§ **Items from a data source**:

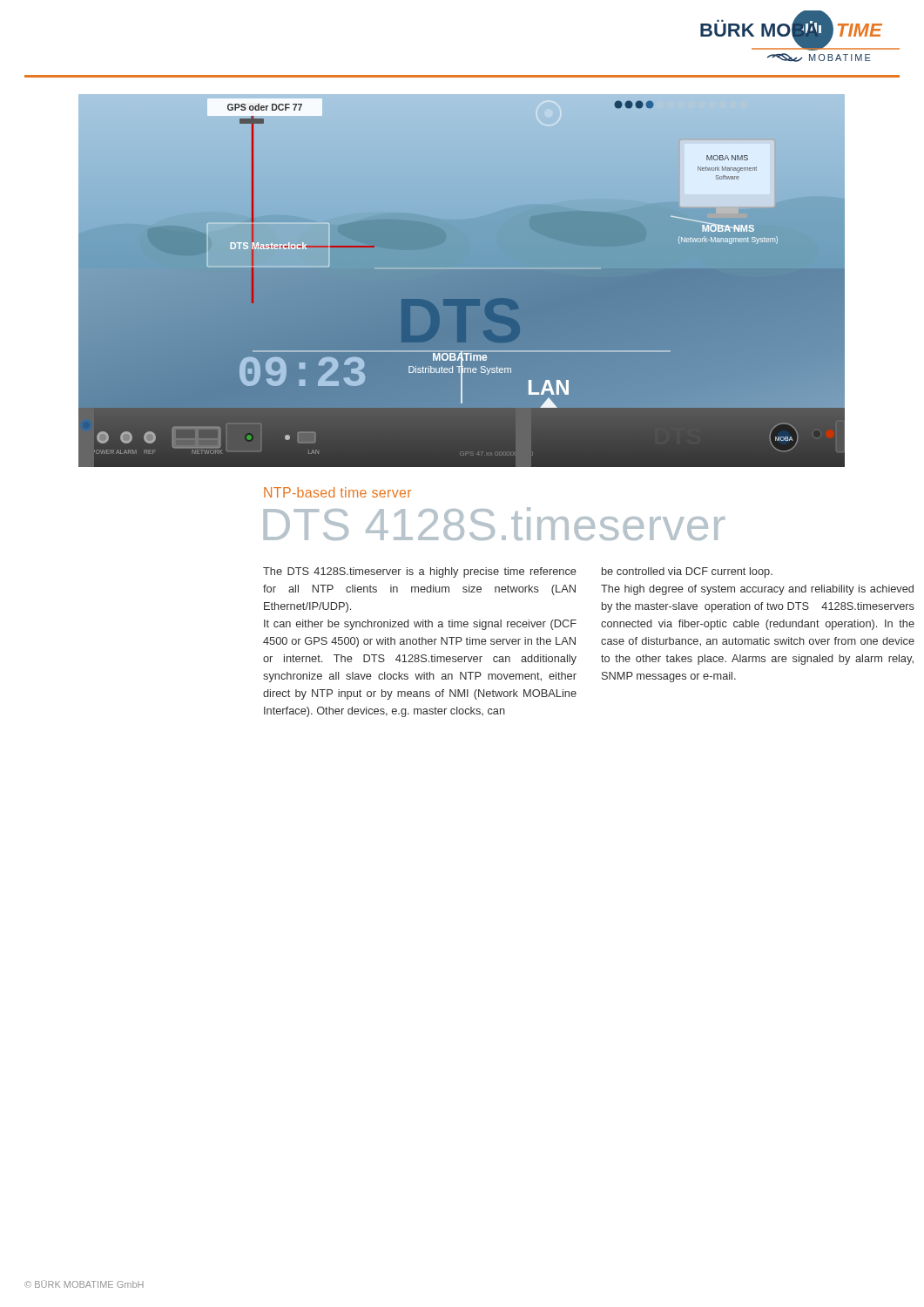Point to the text block starting "be controlled via DCF current loop. The high"
Screen dimensions: 1307x924
(x=758, y=623)
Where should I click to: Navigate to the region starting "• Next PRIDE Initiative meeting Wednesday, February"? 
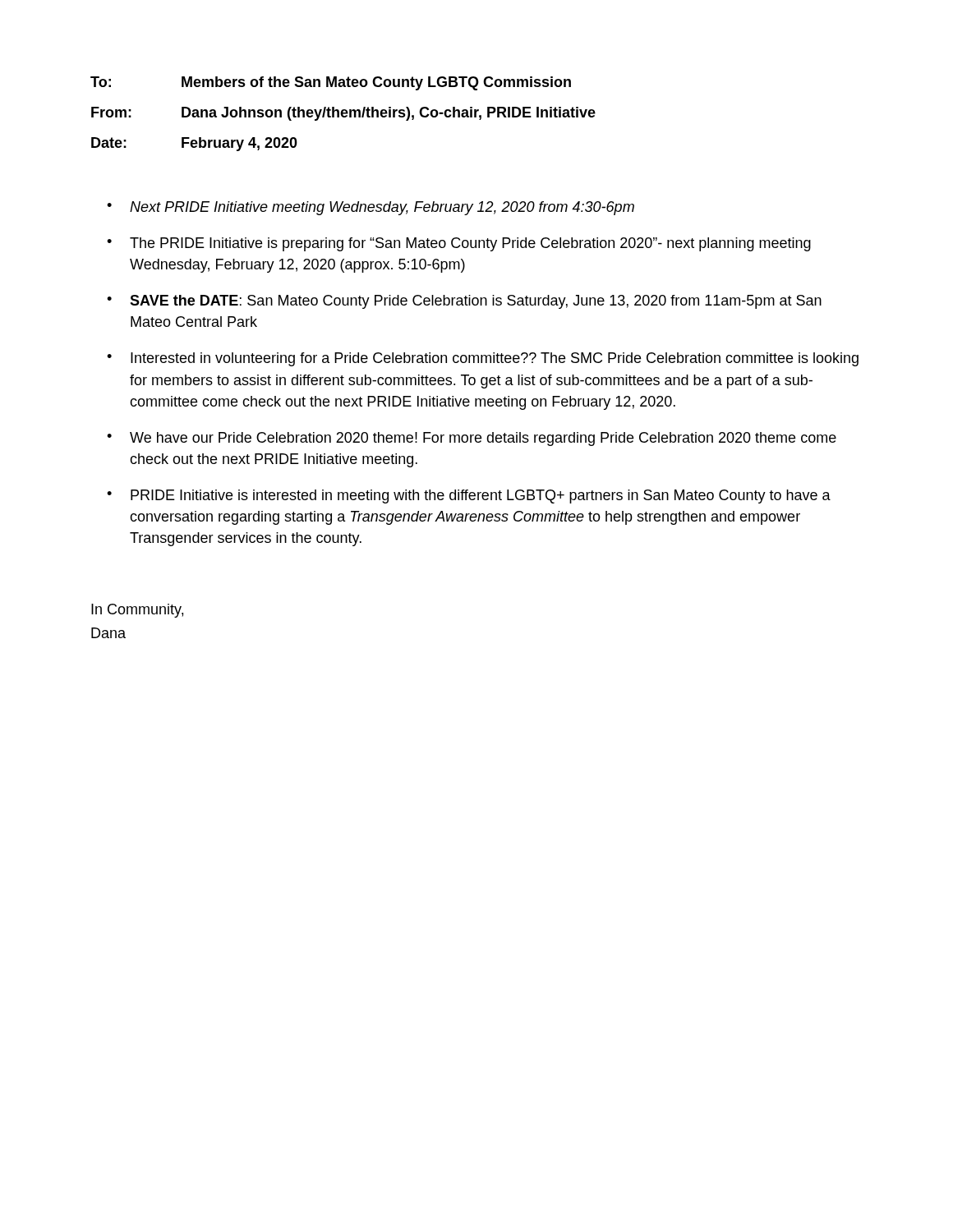[485, 207]
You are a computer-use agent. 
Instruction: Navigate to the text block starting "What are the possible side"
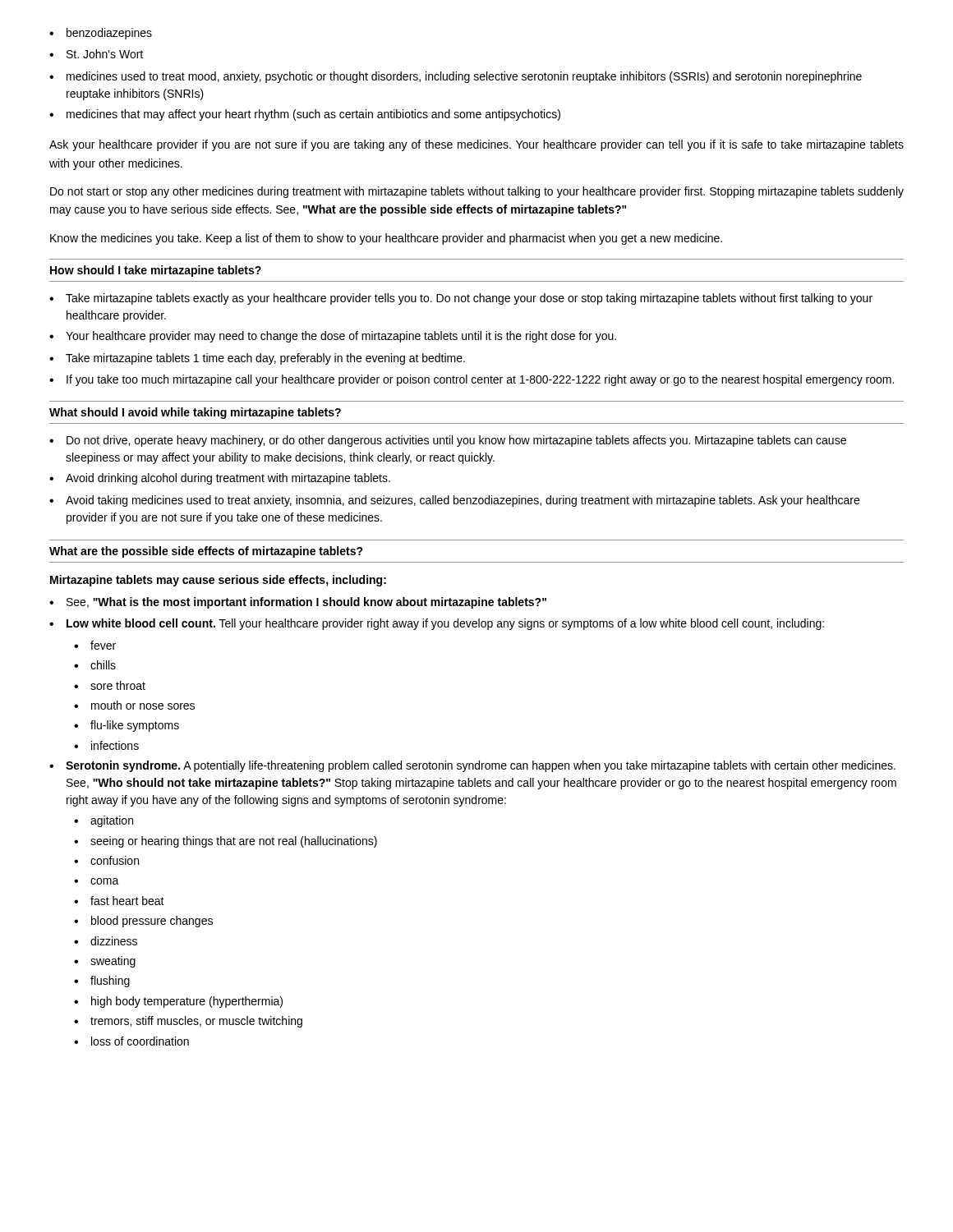pos(206,551)
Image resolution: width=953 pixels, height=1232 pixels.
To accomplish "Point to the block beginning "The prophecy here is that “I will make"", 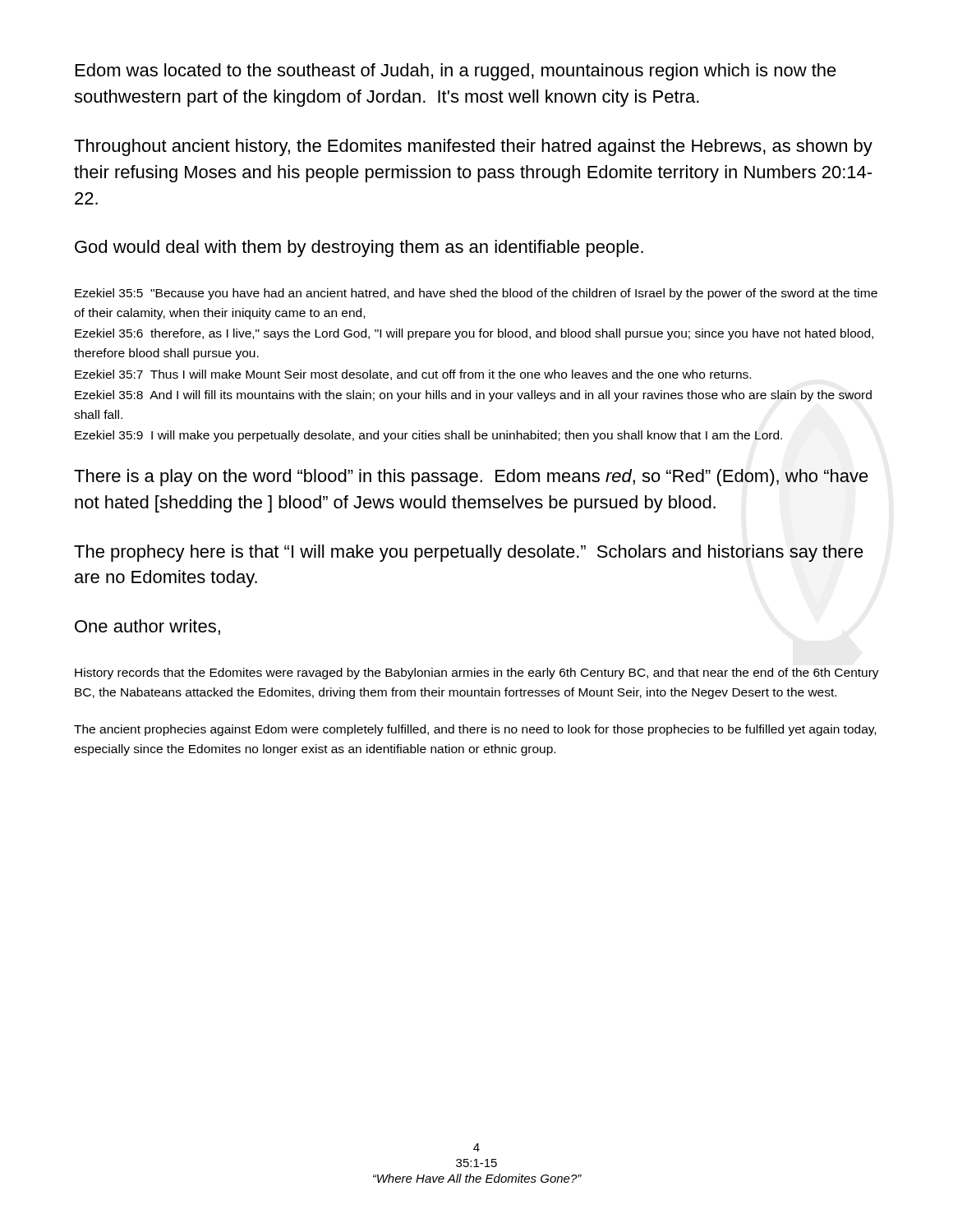I will click(469, 564).
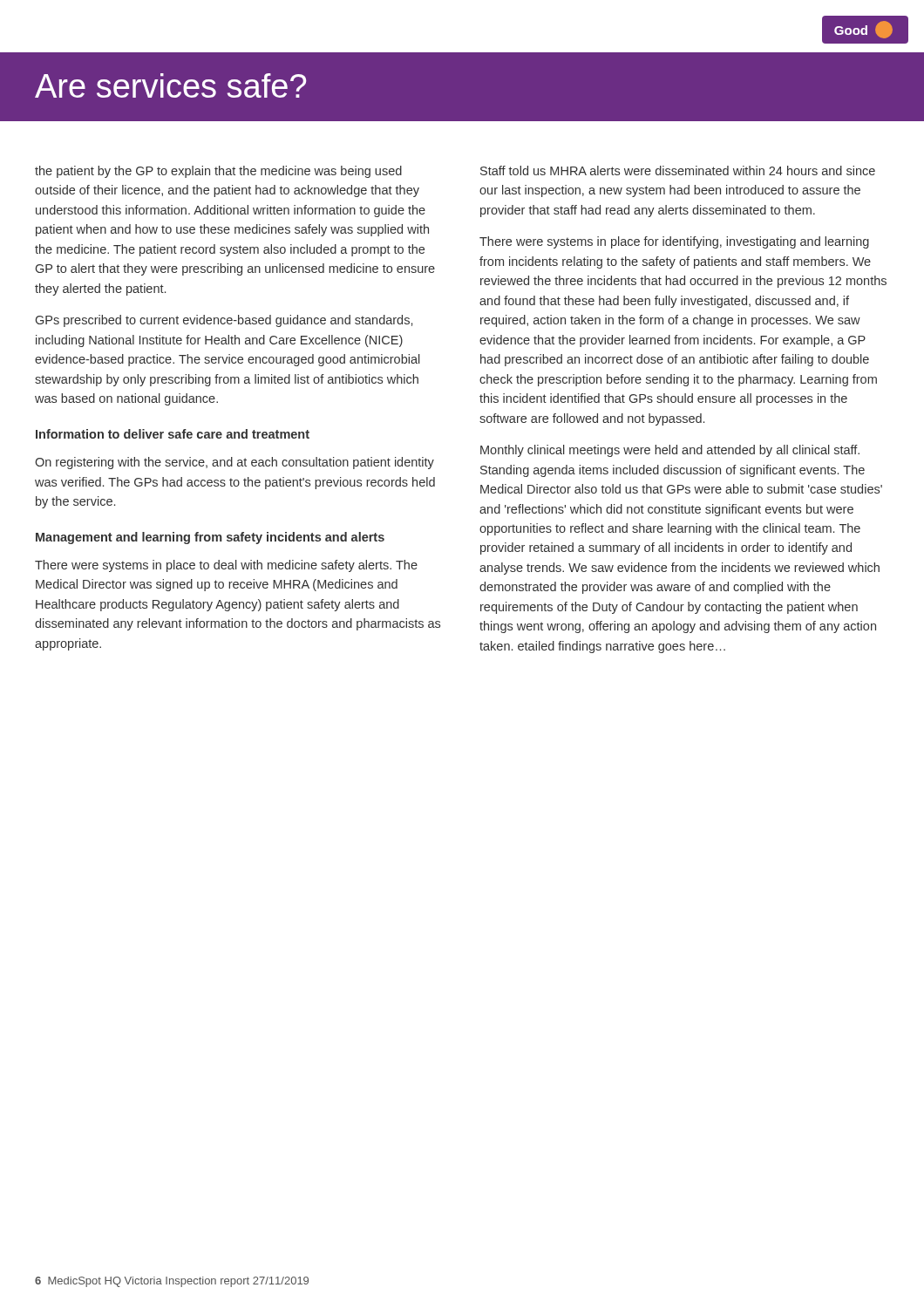Screen dimensions: 1308x924
Task: Point to the text block starting "Are services safe?"
Action: pos(170,85)
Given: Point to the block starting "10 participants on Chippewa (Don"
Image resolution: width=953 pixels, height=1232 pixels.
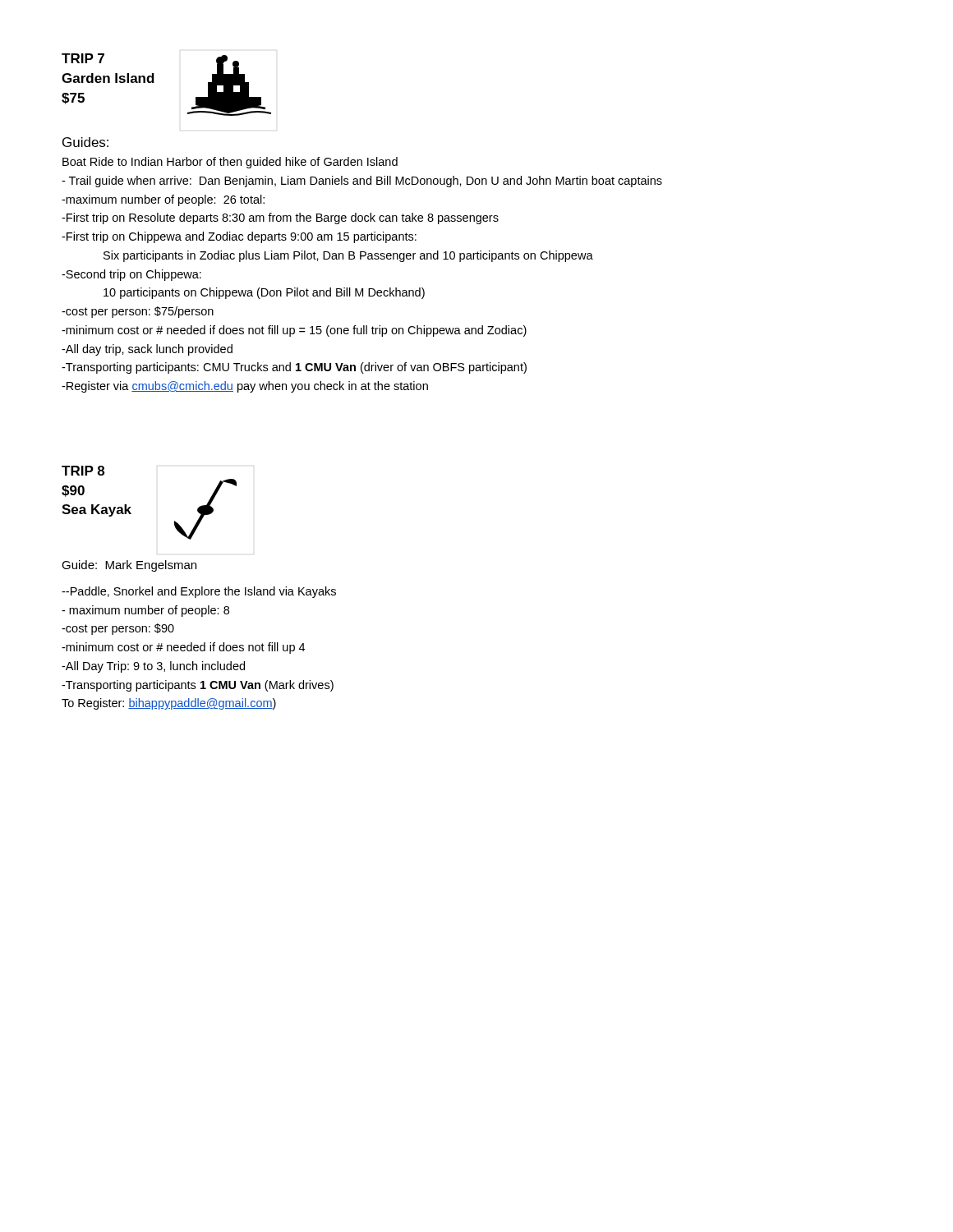Looking at the screenshot, I should pyautogui.click(x=264, y=293).
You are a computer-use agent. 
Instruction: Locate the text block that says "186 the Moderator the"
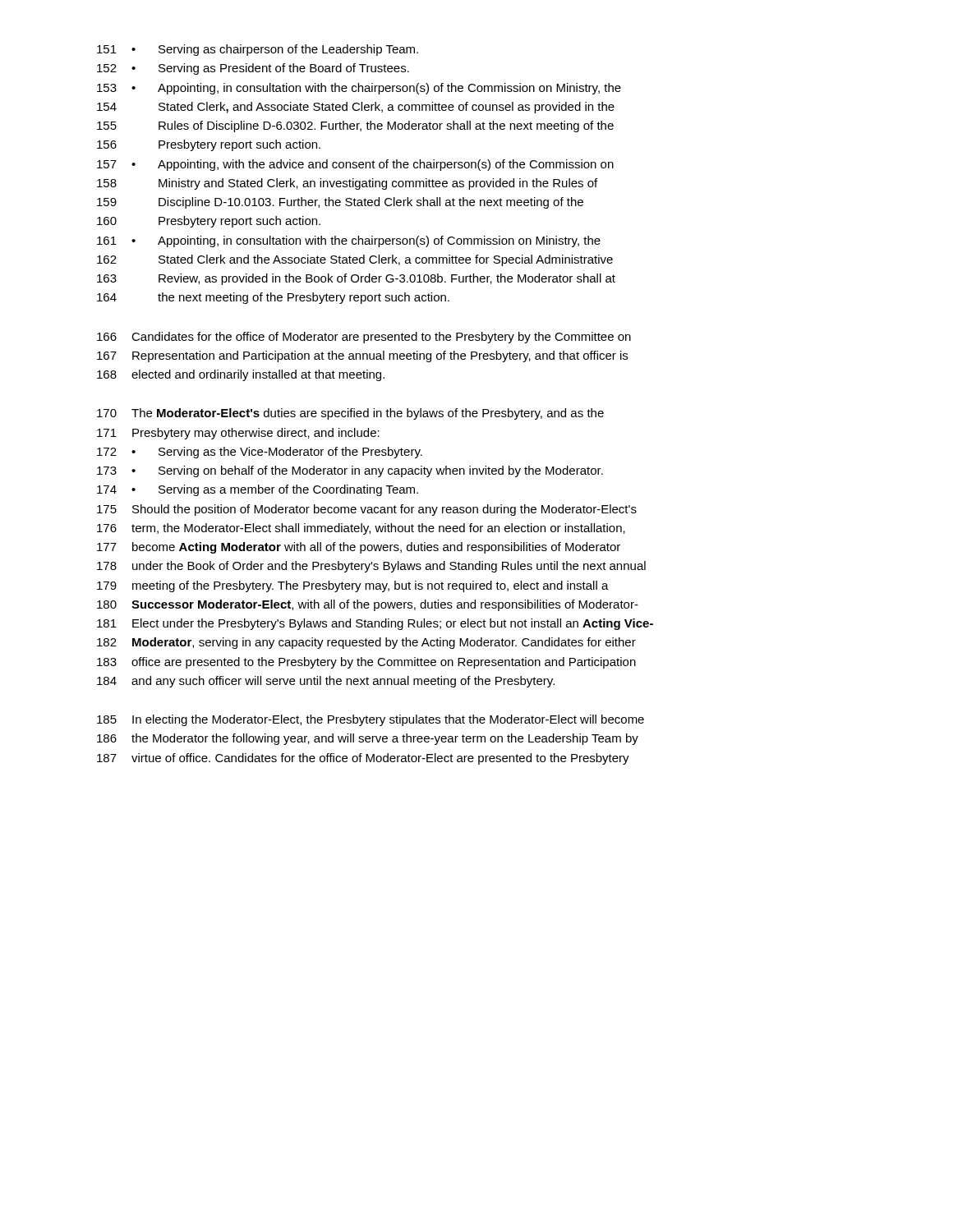(476, 738)

§ **TASK PROMPT**: Word for word, restate the lines from the one containing "Instruction: Locate the" through the end of the entries. Do not include pictures.

§ **WRITTEN REPLY**:
Instruction: Locate the text block that says "186 the Moderator the"
(476, 738)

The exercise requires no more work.